5. Key Design Decisions

  • Exact poses in nodes: Although nodes are indexed by lattice cells, they store exact SE(2) poses. This avoids accumulating discretization error along the path.
  • PTG dynamic state: Each PTG evaluation updates the PTG's dynamic state (current velocity, relative goal), enabling velocity-dependent trajectory generation.
  • Multi-PTG support: Different PTG types can be used simultaneously, and the planner selects the best one for each edge.
  • Rewiring: When a better path to an existing node is found, the tree is rewired (similar to RRT*), maintaining optimality within the explored lattice.
  • Goal handling: R(2) goals (position-only) use sameLocation() which ignores heading, while SE(2) goals require matching all three coordinates.

6. Identified Issues and Improvement Plan

6.1 Algorithmic / Theoretical Issues

P3. cached_local_obstacles() Has No Actual Cache

Severity: Medium — performance.

The function has a MRPT_TODO("Impl actual cache") and recomputes local obstacles from scratch for every node expansion. For dense obstacle maps, this O(N_obstacles) transform-and-clip operation per node is a major bottleneck.

Fix: Implement a spatial cache (e.g., grid-indexed or KD-tree-based) that avoids re-transforming the same obstacles when consecutive queries are spatially close. Or use a spatial index on the global obstacles (MRPT's built-in KD-tree) with range queries.

P5. Uniform Trajectory Sampling Misses Important Directions

Severity: Medium — suboptimal path quality.

Trajectory indices are sampled uniformly (i * (pathCount-1) / (N-1)), plus the direct-to-goal direction. This misses trajectories that might navigate around obstacles effectively. In cluttered environments, the planner may fail to find paths that require specific maneuvers between obstacles.

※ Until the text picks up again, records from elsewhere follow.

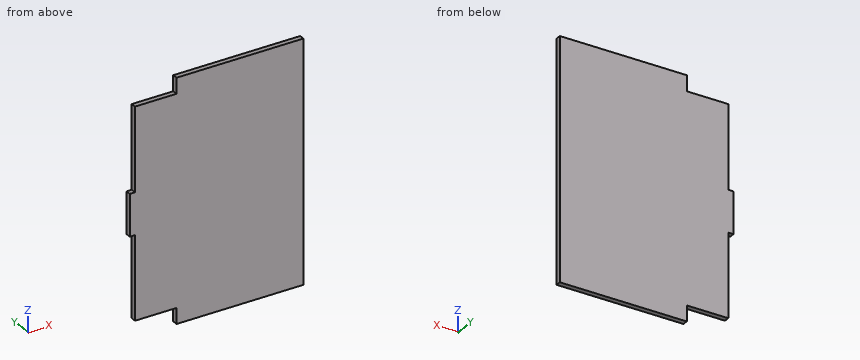
```python
from build123d import *

# Parameters (mm, degrees)
BOSS_EXTRUDE1_DEPTH = 3.175
SKETCH2_W           = 29.21
SKETCH2_H           = 146.05
CUT_EXTRUDE1_DEPTH  = 101.731234192


with BuildPart() as part:
    # Sketch1 → Boss-Extrude1 (new body)
    with BuildSketch(Plane(origin=(0, 0, 0), x_dir=(1, 0, 0), z_dir=(0, 1, 0))):
        Polygon((-40.736256602, -73.025), (59.786256602, -73.025), (59.786256602, -63.5), (66.136256602, -63.5), (66.136256602, 63.5), (59.786256602, 63.5), (59.786256602, 73.025), (-40.736256602, 73.025), (-40.736256602, 63.5), (-66.136256602, 63.5), (-66.136256602, 12.7), (-69.311256602, 12.7), (-69.311256602, -12.7), (-66.136256602, -12.7), (-66.136256602, -63.5), (-40.736256602, -63.5), align=None)
    extrude(amount=BOSS_EXTRUDE1_DEPTH)

    # Sketch2 → Cut-Extrude1 (cut, through all)
    with BuildSketch(Plane.XZ):
        with Locations((51.531256602, 0)):
            Rectangle(SKETCH2_W, SKETCH2_H)
    extrude(amount=-CUT_EXTRUDE1_DEPTH, mode=Mode.SUBTRACT)


solid = part.part
```
Here's how the part is built. I have some questions about the finished solid (model axes, mm). Coordinates: 2 decimals unless noted, no trailing zeros. Order: outer loops, then holes, each group sorted by start corner. A loop starts at its lowest first (then second) coordinate and runs counter-clockwise, first axis right, second up.
1) Will these pins go through, and if not, where does the flat tip stop? pin 1 (1 mm diameter, centred on x = -67.5, y = 1.5, fed in from +Z); pin 2 (1.6 mm diameter, centred on y = 2, z = 69.5, fed in from -X); pin 3 (1.6 mm diameter, centred on y = 1.5, z = -42.5, fed in from -X).
2) Imagine slicing it at A-A on y = 1.9. List the corners of the cut face in (x, z) for me (3 decimals), and give its area (3 significant figures).
3) Imagine slicing it at B-B on x = -53.5. List the corners of the cut face in (y, z) for me (3 decimals), and give its area (3 significant figures).
4) I need wall thicknesses on line 1 (X direction, y = 1.65, z = 15); line 2 (Z direction, x = -47, y = 2.6); line 3 (X direction, y = 0.6, z = 67). Which ranges of each line are inside material? Lowest first, please.
5) Imagine slicing it at C-C on z = -22.5. List the corners of the cut face in (x, y) for me (3 decimals), and give its area (3 significant figures).
Response values:
1. pin 1: stops at z = 12.7
1. pin 2: stops at x = -40.74
1. pin 3: stops at x = -66.14
2. outline: (-69.311, -12.7) - (-66.136, -12.7) - (-66.136, -63.5) - (-40.736, -63.5) - (-40.736, -73.025) - (36.926, -73.025) - (36.926, 73.025) - (-40.736, 73.025) - (-40.736, 63.5) - (-66.136, 63.5) - (-66.136, 12.7) - (-69.311, 12.7) - close
2. area: 14,600 mm2
3. outline: (0, -63.5) - (3.175, -63.5) - (3.175, 63.5) - (0, 63.5) - close
3. area: 403 mm2
4. line 1: x = -66.14 to 36.93
4. line 2: z = -63.5 to 63.5
4. line 3: x = -40.74 to 36.93
5. outline: (-66.136, 0) - (36.926, 0) - (36.926, 3.175) - (-66.136, 3.175) - close
5. area: 327 mm2

Fix: Consider adaptive sampling strategies: (a) bias sampling toward the goal direction with some spread, (b) add obstacle-aware sampling that picks trajectories tangent to nearby obstacles, (c) use the PTG's inverse map to find trajectories passing through promising intermediate points.

P6. No Path Smoothing / Post-Processing

Severity: Low-Medium — path quality.

The A* output is a sequence of PTG segments snapped to lattice cells. The path can have unnecessary zig-zag or sharp transitions between PTG types. There is a refine_trajectory utility, but it only re-parameterizes PTG params for exact poses — it doesn't optimize the path globally.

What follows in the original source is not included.